2番の最初のフレーズは「昔の自分はこうでした」という自己紹介フレーズである。

これ以上の意味合いはない。

次のフレーズ。

ぼくと君に関係性さえしっかり押さえていれば、そんなに意味を汲み取ることは難しくないのではなかろうか。

「話した言葉」とは夢とかそういう類のことなのだろうが、過去の君が持っていた言葉は、ぼくになるまでの過程の間でどれだけ残ったのか(あるいは消えてしまったのか)を問うているわけだ。

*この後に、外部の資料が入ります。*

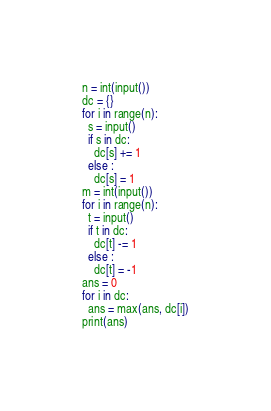<code> <loc_0><loc_0><loc_500><loc_500><_Python_>n = int(input())
dc = {}
for i in range(n):
  s = input()
  if s in dc:
    dc[s] += 1
  else :
    dc[s] = 1
m = int(input())
for i in range(n):
  t = input()
  if t in dc:
    dc[t] -= 1
  else :
    dc[t] = -1
ans = 0
for i in dc:
  ans = max(ans, dc[i])
print(ans)</code> 
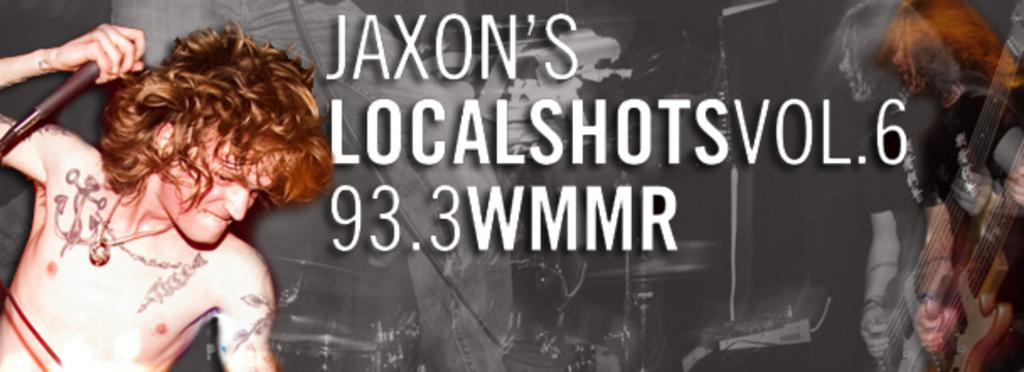What is happening in the poster? The poster contains a person standing and playing guitar, and another person holding a microphone. What are the people in the poster doing? They are playing music together, with one person playing the guitar and the other holding a microphone. What else can be seen on the poster besides the people? There are letters on the poster. What type of air is being used to power the vessel in the poster? There is no vessel or air present in the poster; it features two people playing music. What color is the stocking worn by the person holding the microphone? There is no stocking visible on the person holding the microphone in the poster. 
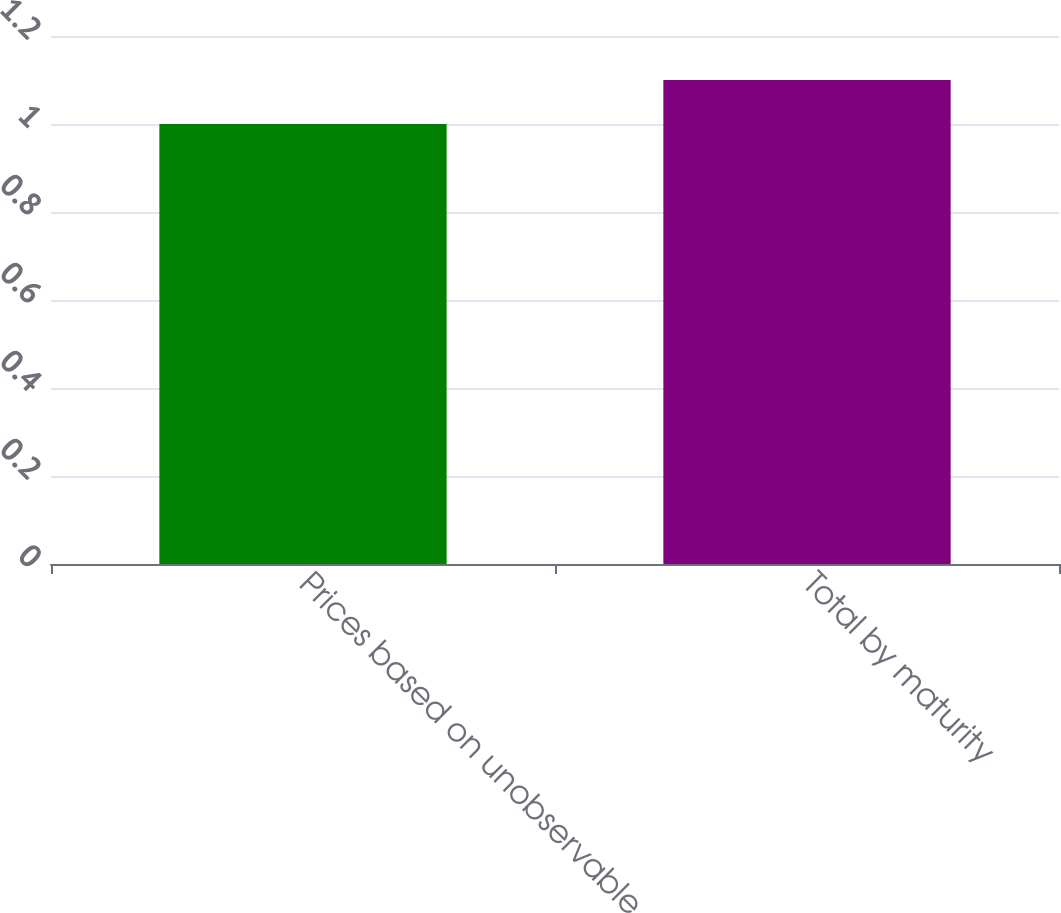Convert chart. <chart><loc_0><loc_0><loc_500><loc_500><bar_chart><fcel>Prices based on unobservable<fcel>Total by maturity<nl><fcel>1<fcel>1.1<nl></chart> 
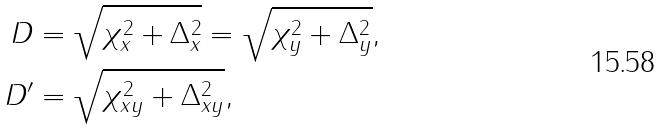Convert formula to latex. <formula><loc_0><loc_0><loc_500><loc_500>D & = \sqrt { \chi _ { x } ^ { 2 } + \Delta _ { x } ^ { 2 } } = \sqrt { \chi _ { y } ^ { 2 } + \Delta _ { y } ^ { 2 } } , \\ D ^ { \prime } & = \sqrt { \chi _ { x y } ^ { 2 } + \Delta _ { x y } ^ { 2 } } ,</formula> 
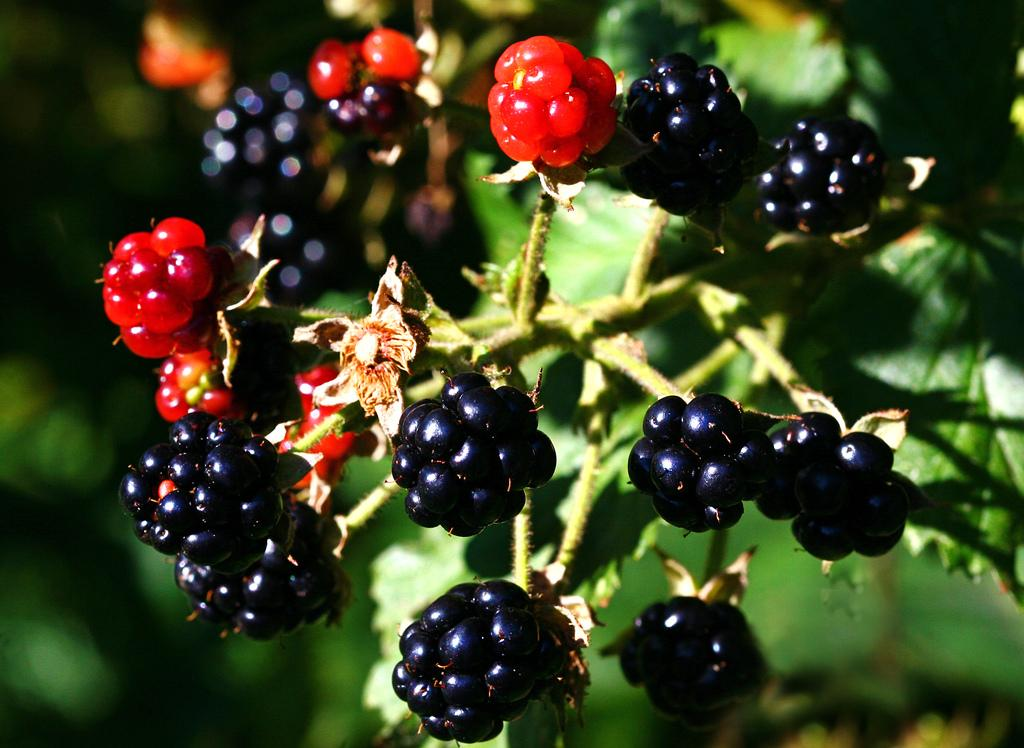What is the main subject of the image? The main subject of the image is a tree. Where is the tree located in the image? The tree is in the center of the image. What is special about the tree in the image? The tree has fruits. What colors are the fruits on the tree? The fruits are in red and black colors. Can you see a locket hanging from the tree in the image? No, there is no locket present in the image. How does the seashore affect the growth of the tree in the image? The image does not depict a seashore, so it cannot affect the growth of the tree in the image. 
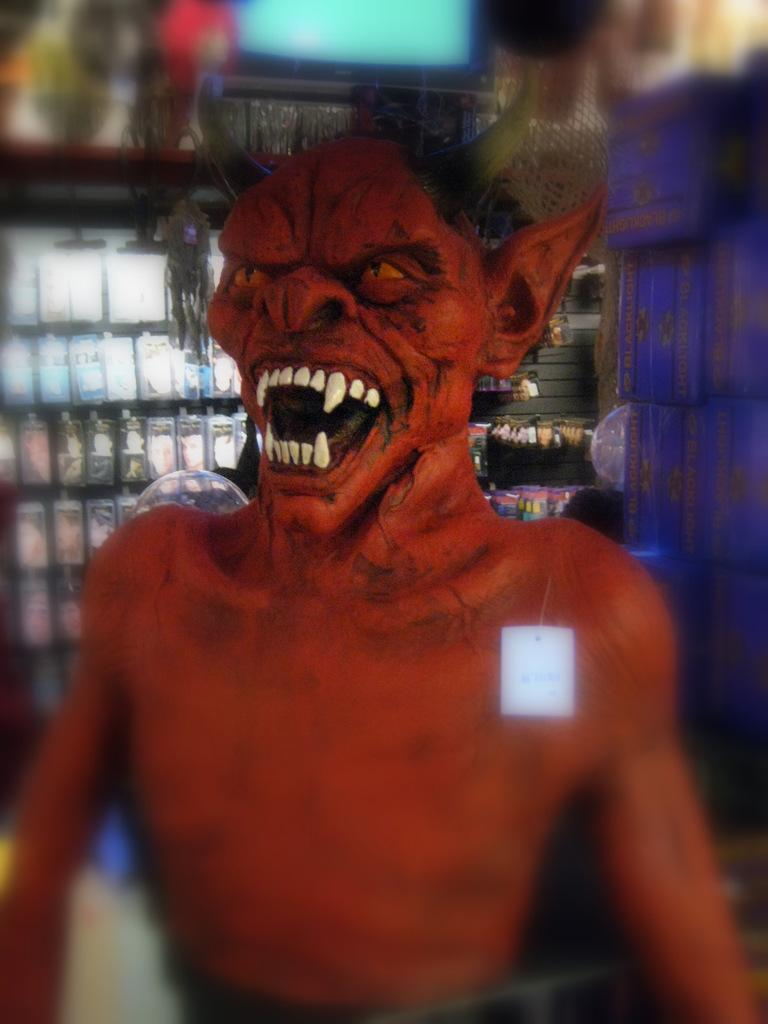What type of toy can be seen in the image? There is a brown toy in the image. What electronic device is visible in the image? There is a television visible in the image. Where are the articles stored in the image? The articles are stored in a cupboard in the image. What songs are being played on the board in the image? There is no board or songs present in the image. What is the desire of the toy in the image? The toy in the image is an inanimate object and does not have desires.

そして、大人になってしまったが、それでも完全に夢を諦めたわけではなく、未だに心の中でから回りしているのである。

つまり、諦めきれていないわけである。

2番のサビ~最後のサビについて

スガシカオは「あのころの未来に ぼくらは立っているのかなぁ」というフレーズがこの歌の言いたいことであり、残りはおまけみたいなもの、と公言しているわけで、このフレーズが過去の自分が今の自分に向けて、投げかけている言葉になるわけだ。

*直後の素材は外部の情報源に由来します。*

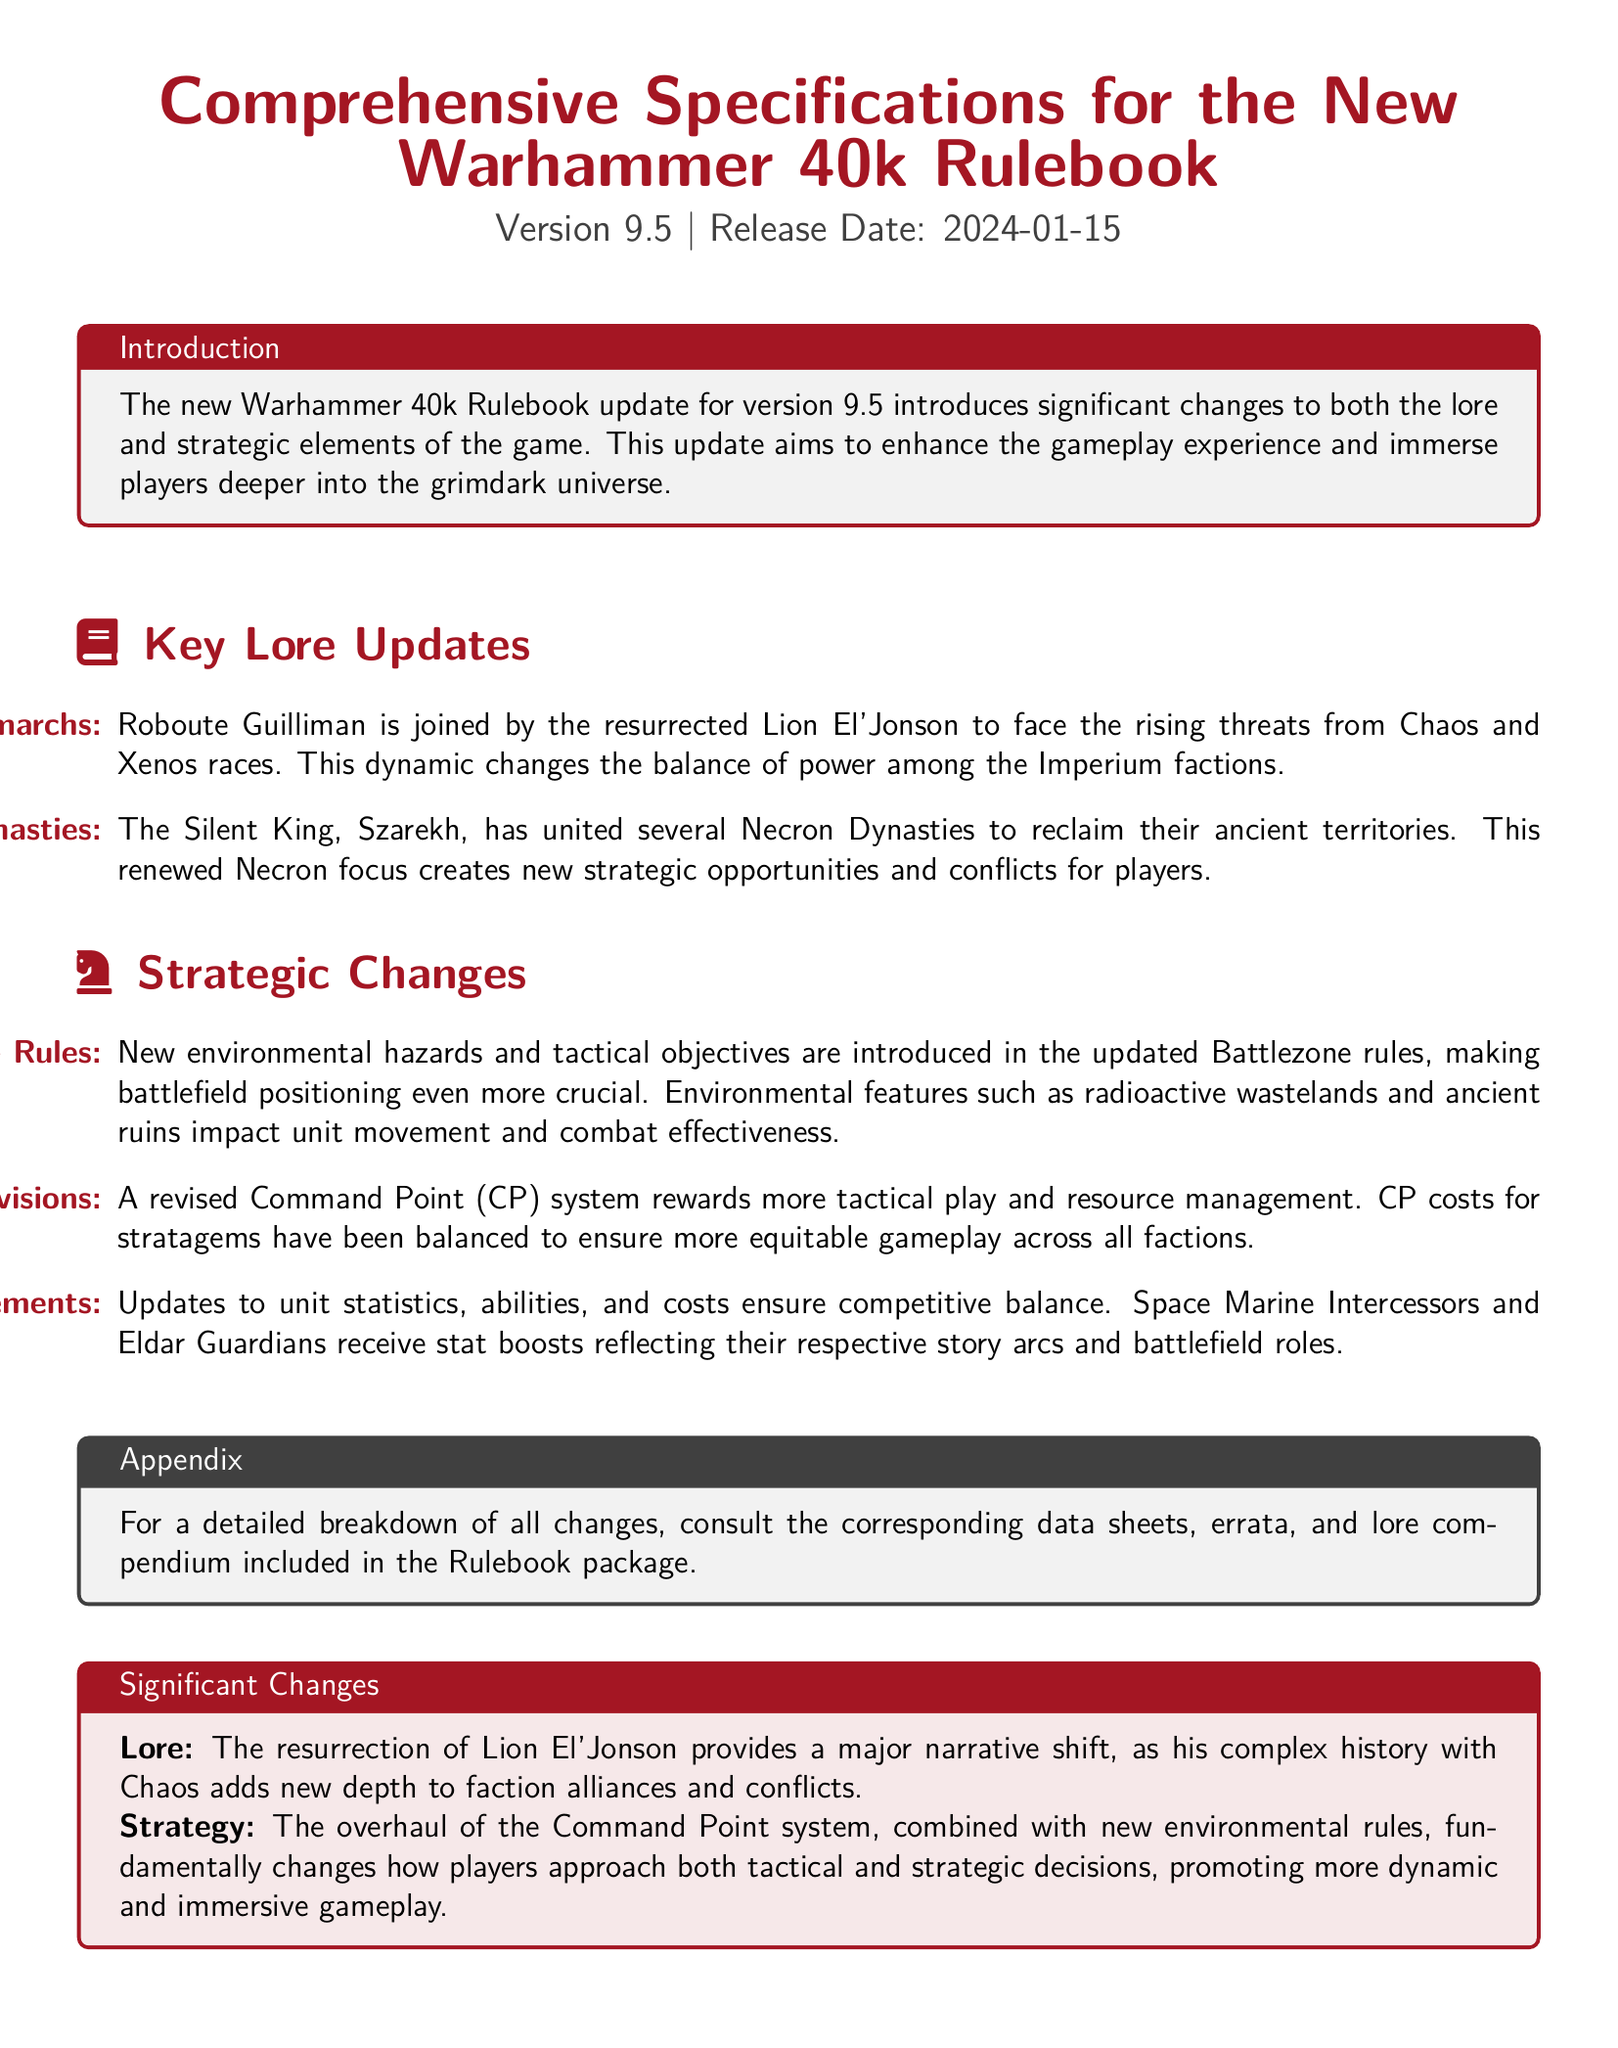What is the version of the new rulebook? The version of the new rulebook is stated as Version 9.5.
Answer: Version 9.5 What is the release date of the new Warhammer 40k rulebook? The document specifies the release date as 2024-01-15.
Answer: 2024-01-15 Who is the resurrected Primarch mentioned in the lore updates? The lore includes the return of Roboute Guilliman and Lion El'Jonson.
Answer: Lion El'Jonson What notable structure affects unit effectiveness in the new Battlezone rules? The new rules introduce environmental features that impact unit movement and combat effectiveness.
Answer: Environmental features How does the Command Point system change in the new rulebook? The document mentions a revised Command Point system that rewards more tactical play and resource management.
Answer: Revised Command Point system Which factions' units receive stat boosts in the updates? The updates mention stat boosts for Space Marine Intercessors and Eldar Guardians.
Answer: Space Marine Intercessors and Eldar Guardians What significant lore change involves the Necrons? The news states that the Silent King, Szarekh, has united several Necron Dynasties.
Answer: United several Necron Dynasties What type of updates does the appendix mention are included in the rulebook package? The appendix states that there are data sheets, errata, and lore compendium included.
Answer: Data sheets, errata, and lore compendium What is the color used for section titles in the document? The section titles are formatted using the color imperial red.
Answer: Imperial red

「あのころの未来」とは過去の自分が思い描いた将来の自分像ということだろう。

過去のぼくは色んな夢を思い描いていたわけだが、今のぼくはそんな夢をどれほど達成できただろうか、あるいはどれだけ近づくことができただろうかと考えさせるフレーズなわけである。

もちろん、この歌はそこに対する答えは提示せず、聴いている人それぞれにそれを問うているわけである。

この歌の「ぼく」が平仮名表記である理由はここにもあって、これは誰でも代入可能な一人称という意味合いもあるからこそ、ここは平仮名にしたわけである。

未来がどのようなものになるのかはまだ分からないが、全てが思うほどうまくはいかないけれども、未来の比喩を雲のない星空にしたということは「そこまで暗いものでもないよ」とスガシカオになりにエールを送っているわけでもあるのだ。

要はこの歌を聴いている今のぼく次第でどうにでもなるわけだ。

今は夜という暗い未来しか想像できないかもしれないけれども、マドという社会との壁を取り払い、ちゃんとしかるべき努力をして前を見て進めば星空をつかむチャンスは幾らでもあるわけだ。

夜が明けるとはあえて言わない。

明日があるという事実以外は、人によって未来は違うのだから。

けれど、この歌を聴いたぼくが「あれから」になるとき、あのころの未来に立つために、今、するべきことを見据えれば、きっと雲はないのだから星はつかめると教えてくれているわけだ。

あと、行動のみ。

そんな切なさの中に希望を織り交ぜた歌だからこそ、この歌は「名曲」として今なお輝き続けるのである。